Por esses dias eu estava tirando dúvidas de um TST que solicitou auxilio e conversamos sobre riscos na empresa e de como elaborar alguns programas, dessa conversar saiu a indicação de ser elaborar um GHE para melhor gerenciar os riscos.

E aí que mora o problema, o que é GHE?  Como eu faço?
Bom, vamos ver isso na decorrencia do artigo, tenham uma boa leitura.


A Instrução Normativa Nº 1 de, 20/12/1995 do MTE diz: 
"O grupo homogêneo de exposição corresponde a um grupo de trabalhadores que ficam expostos de modo semelhante, de forma que o resultado da avaliação da exposição de qualquer trabalhador, ou do grupo, seja representativo da exposição do restante dos trabalhadores do mesmo grupo."

GHE é a união das funções e trabalhadores em um grupo especifico em decorrencia de seus riscos, sendo assim se separa em um grupo todas as funções de atividades semelhantes e que tenham os mesmos riscos. Com isso o gerenciamento dos riscos fica mais facil.


Exemplo:
Em ma pequena oficina nós temos:
-Eletricisa e Auxiliar Eletricista;
-Mecânico e Auxiliar Mecânico;
-Soldador;

Quando for elaborado o Gerenciamento pelo GHE, ficará assim:

GHE01 - Elétrica
Eletricista e Auxiliar Eletricista

GHE02 - Mecânica
Mecânico e Auxliar Mecânico

GHE03 - Soldagem
Soldador

Quase pronto, a primeira parte do GHE está feita, essa é a parte da separação das funções com os mesmo riscos. Agora dentro desses GHE's que determinamos temos que colocar os riscos que cada função está exposta.


Ficando assim:

GHE01 - Elétrica
Eletricista e Auxiliar Eletricista
Riscos: de Acidente- Choque Elétrico (etc...)

GHE02 - Mecânica
Mecânico e Auxliar Mecânico
Riscos: Químico - Óleo, Graxa e Solventes (etc...)

GHE03 - Soldagem
Soldador
Riscos: Químico - Fumos Metálicos (etc...)

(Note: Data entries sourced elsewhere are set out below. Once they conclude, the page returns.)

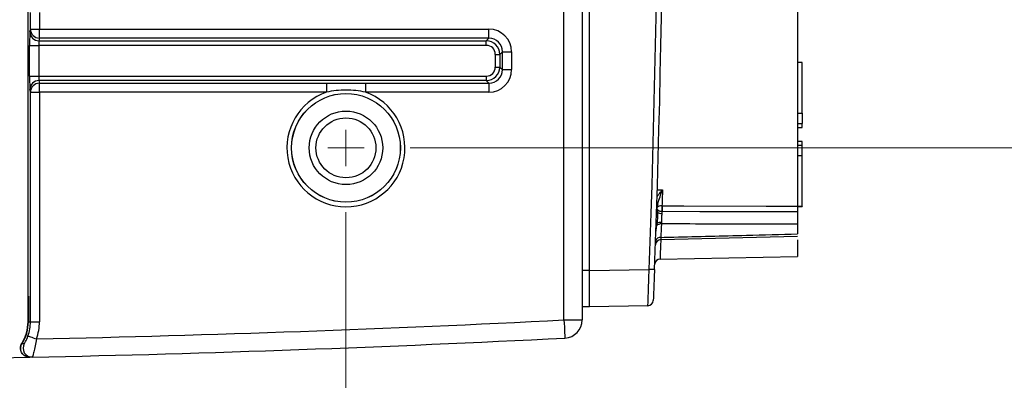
# Model space of a CAD drawing. Header units: millimetres. Extents: x 10 to 272, y 7 to 208.
# Tile 19 of 33: x 90 to 117, y 163 to 173. Entities that reach past the tile are written whole.
import ezdxf

# ---------------------------------------------------------------- set-up
doc = ezdxf.new("R2010")
doc.units = ezdxf.units.MM
doc.styles.add('SLDTEXTSTYLE3', font='TXT', dxfattribs={"width": 0.75})
doc.dimstyles.new('SLDDIMSTYLE2', dxfattribs={"dimtxt": 1.905, "dimasz": 3, "dimexe": 0, "dimexo": 0.0625, "dimgap": 0.47625, "dimtad": 0, "dimtih": 1, "dimtoh": 1, "dimdec": 1, "dimlfac": 2, "dimrnd": 1e-09, "dimzin": 4, "dimdsep": 46, "dimtxsty": 'SLDTEXTSTYLE3', "dimsah": 1, "dimcen": 0.09, "dimadec": 0, "dimazin": 1, "dimtfac": 1, "dimtdec": 1, "dimtofl": 0, "dimtmove": 0, "dimatfit": 3, "dimfxl": 1, "dimfrac": 2, "dimtolj": 1, "dimtzin": 12, "dimarcsym": 0})

# ---------------------------------------------------------------- blocks, each defined once
blk = doc.blocks.new('_D_10')
at = {"color": 7, "linetype": 'Continuous', "lineweight": 18}
for p, q in [((84.066, 167.99), (84.066, 149.051)), ((99.066, 167.99), (99.066, 149.051)), ((109.441, 153.738), (108.861, 153.738)), ((108.861, 153.738), (108.861, 150.714)), ((114.368, 153.738), (114.948, 153.738)), ((114.948, 153.738), (114.948, 150.714)), ((84.066, 152.226), (99.066, 152.226)), ((99.066, 152.226), (102.967, 152.226)), ((108.861, 150.714), (109.441, 150.714)), ((114.948, 150.714), (114.368, 150.714))]:
    blk.add_line(p, q, dxfattribs=at)
for points in [[(84.066, 152.226), (87.066, 151.726), (87.066, 152.726)], [(99.066, 152.226), (96.066, 152.726), (96.066, 151.726)]]:
    blk.add_solid(points, dxfattribs=at)
at = {"color": 7, "linetype": 'Continuous', "lineweight": 18, "char_height": 1.905, "attachment_point": 1, "style": 'SLDTEXTSTYLE3'}
for s, insert in [('30.0', (103.354, 153.17)), ('1.18', (109.441, 153.17))]:
    blk.add_mtext(s, dxfattribs=dict(at, insert=insert))
blk = doc.blocks.new('_D_11')
at = {"color": 7, "linetype": 'Continuous', "lineweight": 18}
for p, q in [((100.836, 187.76), (127.186, 187.76)), ((124.011, 187.76), (124.011, 180.885)), ((125.841, 180.498), (125.261, 180.498)), ((125.261, 180.498), (125.261, 177.474)), ((130.767, 180.498), (131.348, 180.498)), ((131.348, 180.498), (131.348, 177.474)), ((125.261, 177.474), (125.841, 177.474)), ((131.348, 177.474), (130.767, 177.474)), ((124.011, 169.76), (124.011, 177.087)), ((100.836, 169.76), (127.186, 169.76))]:
    blk.add_line(p, q, dxfattribs=at)
for points in [[(124.011, 187.76), (123.511, 184.76), (124.511, 184.76)], [(124.011, 169.76), (124.511, 172.76), (123.511, 172.76)]]:
    blk.add_solid(points, dxfattribs=at)
at = {"color": 7, "linetype": 'Continuous', "lineweight": 18, "char_height": 1.905, "attachment_point": 1, "style": 'SLDTEXTSTYLE3'}
for s, insert in [('2X', (116.094, 179.93)), ('36.0', (119.754, 179.93)), ('1.42', (125.841, 179.93))]:
    blk.add_mtext(s, dxfattribs=dict(at, insert=insert))
blk = doc.blocks.new('SW_CENTERMARKSYMBOL_4')
at = {"color": 0, "linetype": 'Continuous', "lineweight": 0}
for q in [(0, 0.5), (-0.5, 0), (0, -0.5), (0.5, 0)]:
    blk.add_line((0, 0), q, dxfattribs=at)

msp = doc.modelspace()

# ---------------------------------------------------------------- linework, layer by layer
at = {"color": 7, "linetype": 'Continuous', "lineweight": 25}
for p, q in [((90.316, 164.97), (90.316, 192.55)), ((105.066, 165.021), (105.066, 192.5)), ((105.566, 192.5), (105.566, 165.021)), ((105.766, 166.392), (105.766, 191.136)), ((90.381, 173.03), (90.381, 173.491)), ((90.631, 173.491), (90.631, 173.03)), ((111.494, 173.495), (111.494, 168.156)), ((90.367, 172.957), (90.381, 173.03)), ((90.381, 173.03), (90.631, 173.03)), ((90.631, 173.03), (103.001, 173.03)), ((90.631, 172.781), (90.631, 173.03)), ((103.001, 172.781), (103.001, 173.03)), ((90.631, 172.781), (90.617, 172.708)), ((90.617, 172.708), (102.928, 172.708)), ((103.001, 172.781), (90.631, 172.781)), ((102.928, 172.708), (103.001, 172.781)), ((102.928, 172.583), (102.928, 172.708)), ((90.361, 171.737), (90.361, 172.583)), ((90.361, 172.583), (90.611, 172.583)), ((102.928, 172.583), (90.611, 172.583)), ((90.611, 172.583), (90.611, 171.737)), ((103.374, 172.407), (103.301, 172.334)), ((103.374, 172.407), (103.623, 172.407)), ((103.374, 171.914), (103.374, 172.407)), ((103.623, 172.407), (103.623, 171.914)), ((103.177, 172.334), (103.301, 172.334)), ((103.177, 171.986), (103.177, 172.334)), ((103.301, 172.334), (103.301, 171.986)), ((111.619, 172.115), (111.494, 172.115)), ((111.619, 172.106), (111.619, 172.115)), ((111.619, 170.718), (111.619, 172.106)), ((103.177, 171.986), (103.301, 171.986)), ((103.301, 171.986), (103.374, 171.914)), ((103.374, 171.914), (103.623, 171.914)), ((90.361, 171.737), (90.611, 171.737)), ((90.611, 171.737), (102.928, 171.737)), ((90.617, 171.613), (90.631, 171.54)), ((102.928, 171.613), (90.617, 171.613)), ((90.631, 171.291), (90.631, 171.54)), ((90.631, 171.54), (98.527, 171.54)), ((98.527, 171.54), (98.527, 171.291)), ((99.606, 171.54), (99.606, 171.291)), ((99.606, 171.54), (103.001, 171.54)), ((102.928, 171.737), (102.928, 171.613)), ((103.001, 171.54), (102.928, 171.613)), ((103.001, 171.54), (103.001, 171.291)), ((90.381, 171.291), (90.367, 171.364)), ((90.381, 171.291), (90.631, 171.291)), ((90.381, 164.97), (90.381, 171.291)), ((90.631, 171.291), (90.631, 164.97)), ((98.527, 171.291), (90.631, 171.291)), ((103.001, 171.291), (99.606, 171.291)), ((111.619, 170.718), (111.619, 170.429)), ((111.494, 170.429), (111.619, 170.429)), ((111.494, 170.319), (111.619, 170.319)), ((111.619, 170.319), (111.619, 170.429)), ((111.619, 169.939), (111.494, 169.939)), ((111.619, 169.829), (111.619, 169.939)), ((111.619, 169.829), (111.494, 169.829)), ((111.619, 169.54), (111.619, 169.829)), ((111.619, 168.153), (111.619, 169.54)), ((111.494, 168.143), (111.619, 168.143)), ((111.619, 168.153), (111.619, 168.143)), ((111.494, 167.658), (111.494, 167.388)), ((107.728, 167.234), (111.494, 167.324)), ((111.494, 167.225), (111.494, 166.764)), ((107.71, 166.698), (111.494, 166.764)), ((105.566, 166.392), (105.766, 166.392)), ((105.766, 166.385), (107.409, 166.414)), ((105.766, 166.392), (105.766, 166.385)), ((105.766, 165.385), (105.766, 166.385)), ((90.325, 165.678), (90.325, 164.97)), ((105.566, 165.392), (105.766, 165.392)), ((107.376, 165.413), (105.766, 165.385)), ((90.316, 164.97), (90.325, 164.97)), ((90.325, 164.97), (90.381, 164.97)), ((90.381, 164.97), (90.631, 164.97)), ((105.066, 165.021), (105.566, 165.021)), ((90.146, 164.376), (90.153, 164.375)), ((89.085, 163.968), (90.364, 163.994))]:
    msp.add_line(p, q, dxfattribs=at)
at = {"color": 8, "linetype": 'Continuous', "lineweight": 25}
for p, q in [((111.619, 172.106), (111.494, 172.106)), ((111.494, 170.718), (111.619, 170.718)), ((111.619, 169.54), (111.494, 169.54)), ((111.494, 168.153), (111.619, 168.153))]:
    msp.add_line(p, q, dxfattribs=at)
at = {"color": 8, "linetype": 'Continuous', "lineweight": 25, "flags": 128}
for points in [[(107.63, 168.601), (107.633, 168.601), (107.778, 168.602)], [(107.615, 168.057), (107.621, 168.059), (107.629, 168.061)], [(107.618, 168.127), (107.62, 168.126), (107.628, 168.123)], [(107.619, 168.18), (107.629, 168.176), (107.638, 168.173)], [(107.601, 167.619), (107.607, 167.616), (107.615, 167.613)]]:
    msp.add_lwpolyline(points, dxfattribs=at)
at = {"color": 7, "linetype": 'Continuous', "lineweight": 25, "flags": 128}
for points in [[(107.764, 168.162), (108.367, 168.161), (110.627, 168.158), (111.494, 168.156)], [(111.494, 167.997), (110.994, 167.998), (108.995, 168.001), (108.807, 168.001), (107.764, 168.003)], [(105.066, 165.021), (105.071, 164.924), (105.076, 164.83), (105.08, 164.744), (105.084, 164.668), (105.087, 164.606), (105.09, 164.56), (105.091, 164.531), (105.092, 164.522)], [(90.315, 164.58), (90.32, 164.578), (90.334, 164.573), (90.356, 164.565), (90.386, 164.555), (90.421, 164.543), (90.462, 164.529), (90.506, 164.514), (90.551, 164.498)], [(90.153, 164.375), (90.19, 164.373), (90.214, 164.371)]]:
    msp.add_lwpolyline(points, dxfattribs=at)
at = {"color": 7, "linetype": 'Continuous', "lineweight": 25}
for radius in [1.498, 1.496, 1.012, 0.825]:
    msp.add_circle((99.066, 169.76), radius, dxfattribs=at)
for centre, radius, start, end in [((-217.206, 178.76), 324.85, 357.82185, 2.17815), ((-217.208, 178.76), 325, 357.82185, 2.17815), ((90.617, 172.958), 0.25, 180.2074, 270.0026), ((90.631, 173.031), 0.25, 180.2065, 270.0031), ((90.617, 171.363), 0.25, 89.9975, 179.7925), ((90.631, 171.29), 0.25, 89.997, 179.7934), ((99.066, 169.76), 1.623, 109.4191, 70.5809), ((110.041, 168.008), 2.283, 176.1246, 180.1132), ((112.465, 168.082), 4.701, 179.0214, 180.9598), ((107.76, 168.172), 0.224, 237.3263, 270.2333), ((107.735, 167.499), 0.166, 86.2727, 136.5115), ((107.736, 167.487), 0.221, 86.7984, 118.9378), ((107.732, 167.084), 0.15, 91.1984, 177.939), ((107.717, 167.162), 0.134, 83.1372, 169.2746), ((107.712, 166.548), 0.15, 89.9826, 177.8022), ((105.35, 111.312), 55.14, 87.7067, 87.8599), ((107.373, 165.563), 0.15, 271, 357.6717), ((89.191, 164.97), 1.125, 328.0865, 0), ((89.191, 164.97), 1.19, 340.8355, 0), ((79.816, 663.632), 499.25, 271.23209, 272.89902), ((89.191, 164.97), 1.44, 340.8355, 0), ((105.066, 165.021), 0.5, 272.899, 0), ((79.816, 663.632), 499.75, 271.21756, 272.89902), ((90.43, 164.245), 0.25, 149.6557, 271.2074)]:
    msp.add_arc(centre, radius, start, end, dxfattribs=at)
at = {"color": 8, "linetype": 'Continuous', "lineweight": 25}
for centre, radius, start, end in [((105.353, 163.067), 5.636, 65.9681, 66.2721), ((106.053, 173.044), 5.284, 287.1756, 287.4423), ((105.387, 175.413), 7.763, 286.6575, 286.8606), ((105.179, 160.109), 7.972, 72.0955, 72.2968), ((106.051, 163.606), 4.37, 68.8303, 69.1921)]:
    msp.add_arc(centre, radius, start, end, dxfattribs=at)
at = {"color": 7, "linetype": 'Continuous', "lineweight": 25}
for centre, major_axis, ratio, start_param, end_param in [((90.367, 172.583), (0, 0.375), 0.017455, 0.087266, 1.570796), ((102.996, 172.402), (-0.445, -0.445), 0.992433, 2.359993, 3.923193), ((90.617, 172.583), (0, 0.125), 0.052365, 0.087266, 1.570796), ((102.926, 172.332), (0.266, 0.266), 0.997446, 5.501585, 7.064785), ((102.996, 172.402), (0.27, 0.27), 0.982556, 5.501585, 7.064785), ((102.926, 172.332), (-0.178, -0.178), 0.992433, 2.359993, 3.923193), ((102.926, 171.988), (-0.266, 0.266), 0.997446, 2.359993, 3.923193), ((102.926, 171.988), (-0.178, 0.178), 0.992433, 2.359993, 3.923193), ((102.996, 171.918), (-0.445, 0.445), 0.992433, 2.359993, 3.923193), ((102.996, 171.918), (0.27, -0.27), 0.982556, 5.501585, 7.064785), ((90.367, 171.737), (0, 0.375), 0.017455, 1.570796, 3.054326), ((90.617, 171.737), (0, 0.125), 0.052365, 1.570796, 3.054326)]:
    msp.add_ellipse(centre, major_axis=major_axis, ratio=ratio, start_param=start_param, end_param=end_param, dxfattribs=at)
for points, knots in [([(98.527, 171.54), (98.617, 171.54), (98.707, 171.54), (98.886, 171.539), (99.066, 171.539), (99.246, 171.539), (99.426, 171.54), (99.516, 171.54), (99.606, 171.54)], [0, 0, 0, 0, 0.25, 0.25, 0.5, 0.75, 0.75, 1, 1, 1, 1]), ([(99.606, 171.291), (99.428, 171.331), (99.247, 171.352), (98.886, 171.352), (98.705, 171.331), (98.527, 171.291)], [0, 0, 0, 0, 0.5, 0.5, 1, 1, 1, 1]), ([(107.648, 168.215), (107.666, 168.283), (107.687, 168.348), (107.732, 168.477), (107.755, 168.54), (107.778, 168.602)], [0, 0, 0, 0, 0.5, 0.5, 1, 1, 1, 1]), ([(107.763, 168.162), (107.734, 168.163), (107.706, 168.159), (107.658, 168.145), (107.639, 168.135), (107.628, 168.123)], [0, 0, 0, 0, 0.5, 0.5, 1, 1, 1, 1]), ([(107.758, 168.003), (107.73, 168.005), (107.703, 168.011), (107.657, 168.032), (107.64, 168.046), (107.629, 168.061)], [0, 0, 0, 0, 0.5, 0.5, 1, 1, 1, 1]), ([(111.494, 168.156), (111.494, 168.133), (111.494, 168.104), (111.494, 168.046), (111.494, 168.018), (111.494, 167.997)], [0, 0, 0, 0, 0.5, 0.5, 1, 1, 1, 1]), ([(107.639, 167.984), (107.64, 167.961), (107.64, 167.937), (107.639, 167.889), (107.638, 167.864), (107.635, 167.791), (107.634, 167.741), (107.63, 167.695)], [0, 0, 0, 0, 0.25, 0.25, 0.5, 0.5, 1, 1, 1, 1]), ([(107.761, 167.948), (107.759, 167.911), (107.748, 167.871), (107.744, 167.787), (107.75, 167.745), (107.748, 167.708)], [0, 0, 0, 0, 0.5, 0.5, 1, 1, 1, 1]), ([(111.494, 167.997), (111.494, 167.952), (111.494, 167.891), (111.494, 167.767), (111.494, 167.705), (111.494, 167.658)], [0, 0, 0, 0, 0.5, 0.5, 1, 1, 1, 1]), ([(107.629, 167.681), (107.628, 167.675), (107.627, 167.67), (107.626, 167.664), (107.622, 167.647), (107.619, 167.63), (107.615, 167.613)], [0, 0, 0, 0, 0.00003657, 0.00003657, 0.00003657, 0.0001469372, 0.0001469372, 0.0001469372, 0.0001469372]), ([(111.494, 167.658), (111.328, 167.658), (111.161, 167.659), (110.995, 167.659), (110.328, 167.66), (109.662, 167.661), (108.995, 167.662), (108.579, 167.663), (108.163, 167.664), (107.746, 167.664)], [0, 0, 0, 0, 0.001, 0.001, 0.001, 0.005, 0.005, 0.005, 0.007498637, 0.007498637, 0.007498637, 0.007498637]), ([(107.733, 167.295), (107.851, 167.298), (107.97, 167.301), (108.089, 167.304), (108.755, 167.32), (109.422, 167.337), (110.088, 167.353), (110.557, 167.365), (111.026, 167.377), (111.494, 167.388)], [0.000287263, 0.000287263, 0.000287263, 0.000287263, 0.001, 0.001, 0.001, 0.005, 0.005, 0.005, 0.007812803, 0.007812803, 0.007812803, 0.007812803]), ([(107.584, 167.136), (107.583, 167.128), (107.582, 167.094), (107.582, 167.091), (107.582, 167.089)], [0, 0, 0, 0, 0.227332, 1, 1, 1, 1]), ([(107.376, 165.413), (107.376, 165.413), (107.378, 165.44), (107.381, 165.54), (107.384, 165.615), (107.389, 165.753), (107.39, 165.805), (107.394, 165.913), (107.396, 165.971), (107.4, 166.092), (107.402, 166.155), (107.406, 166.283), (107.408, 166.348), (107.409, 166.414)], [0, 0, 0, 0, 0.25, 0.25, 0.5, 0.5, 0.625, 0.625, 0.75, 0.75, 0.875, 0.875, 1, 1, 1, 1]), ([(107.557, 166.408), (107.555, 166.352), (107.553, 166.297), (107.548, 166.188), (107.546, 166.134), (107.542, 166.031), (107.54, 165.983), (107.537, 165.89), (107.535, 165.846), (107.53, 165.729), (107.528, 165.665), (107.524, 165.58), (107.523, 165.557), (107.523, 165.557)], [0, 0, 0, 0, 0.125, 0.125, 0.25, 0.25, 0.375, 0.375, 0.5, 0.5, 0.75, 0.75, 1, 1, 1, 1]), ([(90.153, 164.375), (90.206, 164.459), (90.249, 164.551), (90.309, 164.754), (90.325, 164.861), (90.325, 164.97)], [0, 0, 0, 0, 0.5, 0.5, 1, 1, 1, 1]), ([(90.214, 164.371), (90.216, 164.371), (90.229, 164.392), (90.269, 164.465), (90.294, 164.52), (90.315, 164.58)], [0, 0, 0, 0, 0.5, 0.5, 1, 1, 1, 1]), ([(90.551, 164.498), (90.541, 164.432), (90.528, 164.367), (90.503, 164.246), (90.49, 164.191), (90.467, 164.098), (90.456, 164.06), (90.441, 164.009), (90.436, 163.995), (90.435, 163.995)], [0, 0, 0, 0, 0.25, 0.25, 0.5, 0.5, 0.75, 0.75, 1, 1, 1, 1]), ([(90.358, 163.994), (90.314, 163.994), (90.27, 164.006), (90.194, 164.05), (90.161, 164.083), (90.118, 164.161), (90.107, 164.205), (90.11, 164.294), (90.123, 164.338), (90.146, 164.376)], [0, 0, 0, 0, 0.25, 0.25, 0.5, 0.5, 0.75, 0.75, 1, 1, 1, 1]), ([(90.358, 163.994), (90.305, 163.994), (90.256, 164.012), (90.184, 164.061), (90.158, 164.092), (90.122, 164.164), (90.113, 164.204), (90.115, 164.289), (90.127, 164.334), (90.153, 164.375)], [0, 0, 0, 0, 0.25, 0.25, 0.5, 0.5, 0.75, 0.75, 1, 1, 1, 1]), ([(90.435, 163.995), (90.416, 163.995), (90.396, 163.994), (90.376, 163.994), (90.372, 163.994), (90.368, 163.994), (90.364, 163.994)], [0, 0, 0, 0, 0.005744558, 0.005744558, 0.005744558, 0.00693228, 0.00693228, 0.00693228, 0.00693228])]:
    msp.add_open_spline(points, degree=3, knots=knots, dxfattribs=at)
at = {"color": 8, "linetype": 'Continuous', "lineweight": 25}
for points, knots in [([(107.627, 168.41), (107.643, 168.434), (107.687, 168.504), (107.743, 168.563), (107.777, 168.601), (107.778, 168.602)], [0, 0, 0, 0, 0.350634, 0.986635, 1, 1, 1, 1]), ([(107.73, 167.234), (107.724, 167.08), (107.715, 166.833), (107.71, 166.709), (107.71, 166.709), (107.71, 166.709)], [0, 0, 0, 0, 0.495699, 0.796436, 1, 1, 1, 1]), ([(107.733, 167.295), (107.732, 167.279), (107.729, 167.248), (107.728, 167.23), (107.728, 167.235), (107.728, 167.235)], [0, 0, 0, 0, 0.472009, 0.943733, 1, 1, 1, 1])]:
    msp.add_open_spline(points, degree=3, knots=knots, dxfattribs=at)
at = {"color": 7, "linetype": 'Continuous', "lineweight": 25}
for points in [[(107.778, 168.602), (107.773, 168.449), (107.768, 168.302), (107.763, 168.162)], [(107.628, 168.123), (107.623, 168.103), (107.623, 168.082), (107.629, 168.061)], [(107.638, 168.173), (107.635, 168.156), (107.631, 168.14), (107.628, 168.123)], [(107.629, 168.061), (107.632, 168.042), (107.634, 168.023), (107.637, 168.003)], [(107.648, 168.215), (107.645, 168.201), (107.641, 168.187), (107.638, 168.173)], [(107.763, 168.162), (107.764, 168.162), (107.764, 168.162), (107.764, 168.162)], [(107.637, 168.003), (107.638, 167.997), (107.638, 167.99), (107.639, 167.984)], [(107.764, 168.003), (107.762, 168.003), (107.76, 168.003), (107.758, 168.003)], [(107.764, 168.003), (107.763, 167.987), (107.762, 167.968), (107.761, 167.948)], [(107.615, 167.613), (107.603, 167.566), (107.597, 167.518), (107.595, 167.469)], [(107.63, 167.695), (107.63, 167.69), (107.629, 167.685), (107.629, 167.681)], [(107.746, 167.664), (107.741, 167.533), (107.737, 167.41), (107.733, 167.295)], [(107.748, 167.708), (107.747, 167.693), (107.747, 167.678), (107.746, 167.664)], [(90.364, 163.994), (90.362, 163.994), (90.36, 163.994), (90.358, 163.994)]]:
    msp.add_open_spline(points, degree=3, dxfattribs=at)

# ---------------------------------------------------------------- block references
at = {"color": 7, "linetype": 'Continuous', "lineweight": 0}
msp.add_blockref('SW_CENTERMARKSYMBOL_4', (99.066, 169.76), dxfattribs=at)

# ---------------------------------------------------------------- dimensions: what is measured, and where the dimension line sits
at = {"color": 7, "linetype": 'Continuous', "lineweight": 18}
dim = msp.add_linear_dim(base=(124.011, 187.76), p1=(99.566, 169.76), p2=(99.566, 187.76), angle=90, text='2X <>', dimstyle='SLDDIMSTYLE2', dxfattribs=at)
dim.commit()
dim.dimension.update_dxf_attribs({"geometry": '_D_11', "text_midpoint": (124.011, 178.986), "dimtype": 160})
dim = msp.add_linear_dim(base=(99.066, 152.226), p1=(84.066, 169.26), p2=(99.066, 169.26), dimstyle='SLDDIMSTYLE2', dxfattribs=at)
dim.commit()
dim.dimension.update_dxf_attribs({"geometry": '_D_10', "text_midpoint": (109.441, 152.226), "dimtype": 160})

doc.saveas('drawing.dxf')

Aqui estou simplificando tudo, então estou apontado apenas um risco para facilitar o entendimento, porém, quando você for elaborar o GHE na sua empresa você deve abranger todos os rsicos para cada função.

Agora você pode gerenciar as medidas de controle necessárias para cada risco em questão, ficará mais ou menos assim:

GHE01 - Elétrica
Eletricista e Auxiliar Eletricista
Riscos: de Acidente- Choque Elétrico (etc...)
Medida de Controle: APR

GHE02 - Mecânica
Mecânico e Auxliar Mecânico
Riscos: Químico - Óleo, Graxa e Solventes (etc...)
Medida de Controle: Luvas e cremes

GHE03 - Soldagem
Soldador
Riscos: Químico - Fumos Metálicos (etc...)
Medida de Controle: Respirador para FM


Levantamento dos Riscos

O levantamento dos riscos é muito importante para que seu GHE fique funcional, após ele ser concluído teremos o inicio de um gerenciamento de riscos com maior clareza, podendo assim trabalhar na escolha da  avaliação que cabe ao risco (quantitativa ou qualitativa), escolha do melhor EPI e EPC, Monitoramento, elaboração e desenvolvimento de PPRA, LTCAT e qualquer outro programa necessário para conseguir minimizar os riscos de acidente na empresa.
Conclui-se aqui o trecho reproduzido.